The Door is Open

"When I feel like going out with my camera, I am going out because I want to see. I want to connect with the fire, the heat that is direct perception. I take myself as I am, whether I am sick, depressed, restless, or happy, and I throw myself upon the world, asking to be met. As the Buddhist nun and teacher Pema Chodron has said, 'You start where you are.' I am willing to relax and suspend my point of view without asking for anything in return. I am feeling generous, expansive, open, and ready to play.

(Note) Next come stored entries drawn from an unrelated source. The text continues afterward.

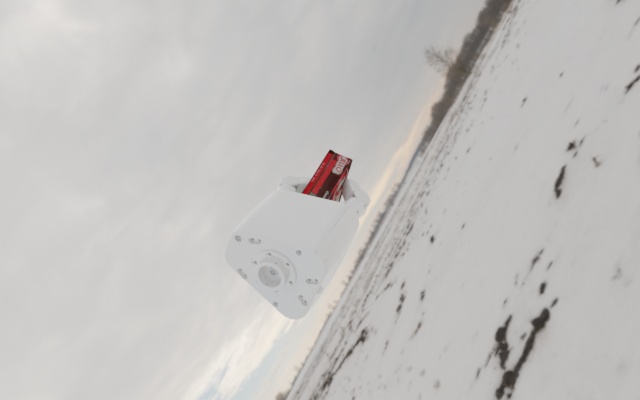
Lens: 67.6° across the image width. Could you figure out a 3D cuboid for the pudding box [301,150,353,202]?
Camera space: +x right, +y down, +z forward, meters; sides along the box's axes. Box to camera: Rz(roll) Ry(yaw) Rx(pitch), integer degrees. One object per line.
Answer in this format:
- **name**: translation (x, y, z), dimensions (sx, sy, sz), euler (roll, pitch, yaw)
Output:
- **pudding box**: translation (0.000, 0.002, 0.626), dimensions (0.039, 0.090, 0.114), euler (28, -32, 7)
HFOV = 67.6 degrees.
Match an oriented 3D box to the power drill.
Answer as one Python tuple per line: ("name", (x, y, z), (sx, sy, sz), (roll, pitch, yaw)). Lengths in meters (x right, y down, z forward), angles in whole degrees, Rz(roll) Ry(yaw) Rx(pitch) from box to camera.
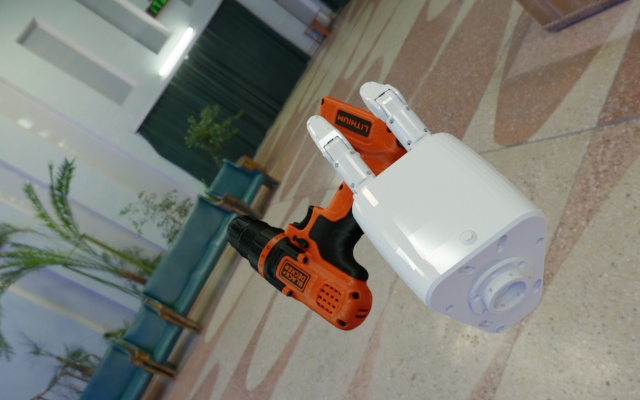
("power drill", (0.000, 0.001, 0.456), (0.184, 0.187, 0.057), (29, 8, 35))
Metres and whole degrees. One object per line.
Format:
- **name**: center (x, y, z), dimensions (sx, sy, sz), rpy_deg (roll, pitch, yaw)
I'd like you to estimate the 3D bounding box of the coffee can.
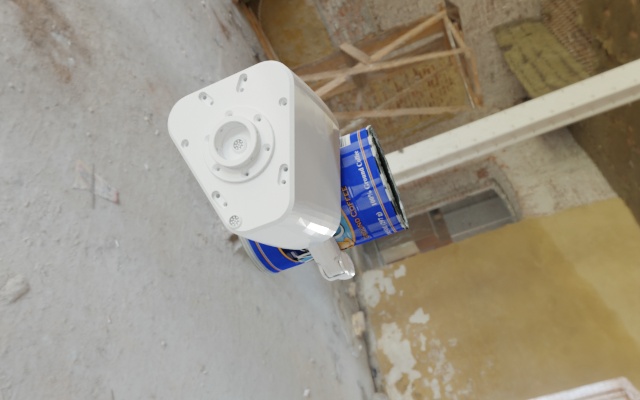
- **coffee can**: center (0.000, 0.002, 0.456), dimensions (0.140, 0.103, 0.103), rpy_deg (-20, -5, 12)
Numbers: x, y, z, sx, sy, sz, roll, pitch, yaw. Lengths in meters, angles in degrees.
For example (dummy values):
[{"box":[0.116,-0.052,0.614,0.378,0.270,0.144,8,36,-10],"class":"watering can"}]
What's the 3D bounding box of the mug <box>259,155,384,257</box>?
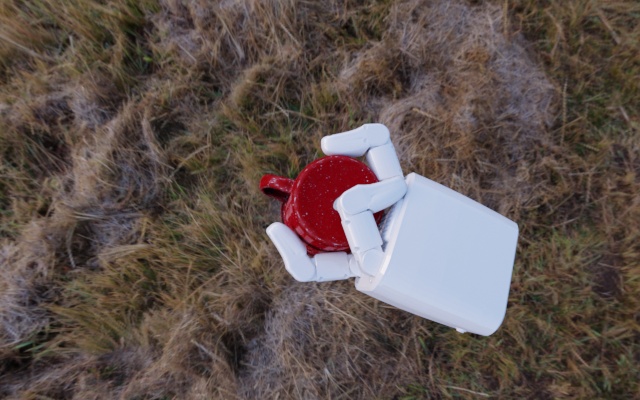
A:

"It is with this state of mind that I begin to walk around and look. I pay attention to the sensation of my body as it moves across the pavement. I breathe, I look, I feel the air as I move through it and it blows against my skin, the warmth of the sun, the moisture in the air. I don't know anything except that I am right here, right now. As thoughts come up in my mind, I bring myself back to the simplicity of my feet on the pavement. With each footstep I dissolve my thoughts and come back to right now. My thoughts don't interest me nearly as much as the possibility of discovery. As my thoughts become less frequent, I begin to settle into my body. My mind is alert, awake, and my intention is to see. My eye and mind seem united in the purpose I have set for myself.

"For this time, I am like an alien in this world; everything else exists, and always has, just as it is. I am a lone person on the planet to whom nothing is familiar. I depend upon a moment of grace to communicate, to make a connection. Out of the blue, I am met. My mind becomes still and silent. All sounds recede, time stops.

"I feel I'm in a new realm of experience. I look at what has presented itself, and my curiosity propels my investigation into its nature.

"What is it? What has caught my attention? As I look at it and feel its qualities, I understand its expression fully in my mind and my body. I am absorbed in the experience as I open to it and it fills my senses. I am no longer aware of my separateness. My senses are heightened and everything is vivid and brilliant. I feel alive.

Falling in Love

"When I engage in the discipline of direct seeing I deliberately enter a realm of possibility. I am so curious about the world and so eager to connect with it that I often feel that I am opening myself to new relationships. And over the years that I have done this practice, my relationships have evolved with it so that both in my personal relationships and my visual relationships, I don't settle for insincerity or small talk.

"For me to engage with someone or something, the relationship has to be based upon openness. From that ground arises respect and appreciation of the goodness that is there, that is expressing itself. There is an initial moment of engagement; something is percolating under the surface. Something comes forth to meet me and I am intrigued. I want to know more, investigate further. This is not a casual flirtation. I have been met and I have connected. I trust that this is the genuine deal because I don't know what else it could be. I couldn't make this up — it's too outside my zone of familiarity. It comes out of nowhere. I can't control it. If I can hang in there and stay with the moment without trying to be cool or smart, if I can stay totally open and without artifice, then there's a chance that I can connect fully.

"When I am open, something actually comes out to meet me. Great surprise, the world comes out to meet me! When that happens, all struggle seems to fall away and I experience my object of interest vividly, fully. I begin to melt. My heart feels so tender, so alive, like a vibration of space within me. Suddenly I know that I must commit to this experience, this perception.

"There is no deliberation, no hesitation. I raise my camera, adjust my depth of field and exposure, determine that what I see through the viewfinder is nothing more or less than the perception. I seal the experience when I push the button.

"I lower my camera as the experience begins to dissolve and rest in the sense of dissipation. Letting go, open space. Then, I walk away. I have been deeply touched."